Work task → The records below are to be set down word for word, with every picture left out.

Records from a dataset
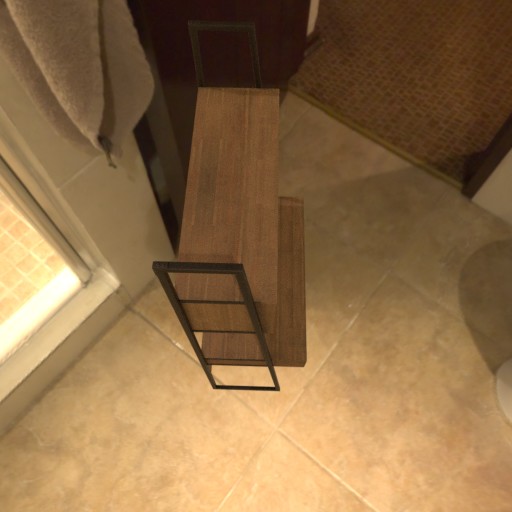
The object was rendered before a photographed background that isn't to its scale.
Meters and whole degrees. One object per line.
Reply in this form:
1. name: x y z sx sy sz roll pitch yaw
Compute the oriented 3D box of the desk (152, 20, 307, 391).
1. desk: 0.000 0.000 2.177 0.515 1.809 0.982 2 64 1
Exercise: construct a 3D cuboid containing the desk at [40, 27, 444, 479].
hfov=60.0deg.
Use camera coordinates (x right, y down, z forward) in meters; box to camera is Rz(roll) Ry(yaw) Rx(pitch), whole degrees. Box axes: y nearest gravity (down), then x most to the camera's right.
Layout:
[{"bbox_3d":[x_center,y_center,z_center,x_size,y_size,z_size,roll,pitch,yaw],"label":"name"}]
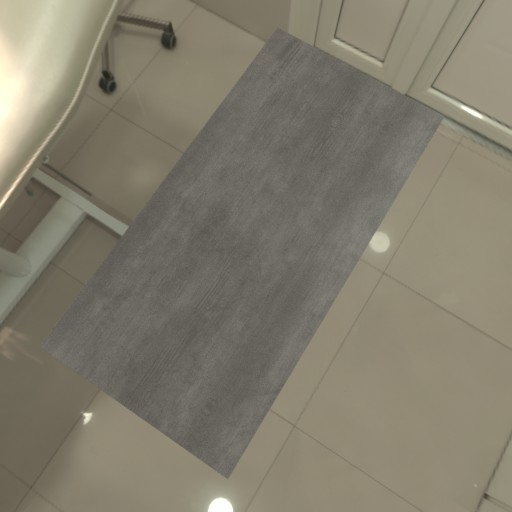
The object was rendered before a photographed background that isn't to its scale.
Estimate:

Exercise answer →
The object was rendered before a photographed background that isn't to its scale.
Meters and whole degrees. One object per line.
Reply in this form:
1. name: x y z sx sy sz roll pitch yaw
Compute the oriented 3D box of the desk (152, 20, 307, 391).
1. desk: 0.000 0.000 2.177 0.515 1.809 0.982 2 64 1
Exercise: construct a 3D cuboid containing the desk at [40, 27, 444, 479].
hfov=60.0deg.
Use camera coordinates (x right, y down, z forward) in meters; box to camera is Rz(roll) Ry(yaw) Rx(pitch), whole degrees. Box axes: y nearest gravity (down), then x most to the camera's right.
Layout:
[{"bbox_3d":[x_center,y_center,z_center,x_size,y_size,z_size,roll,pitch,yaw],"label":"name"}]
The object was rendered before a photographed background that isn't to its scale.
Estimate:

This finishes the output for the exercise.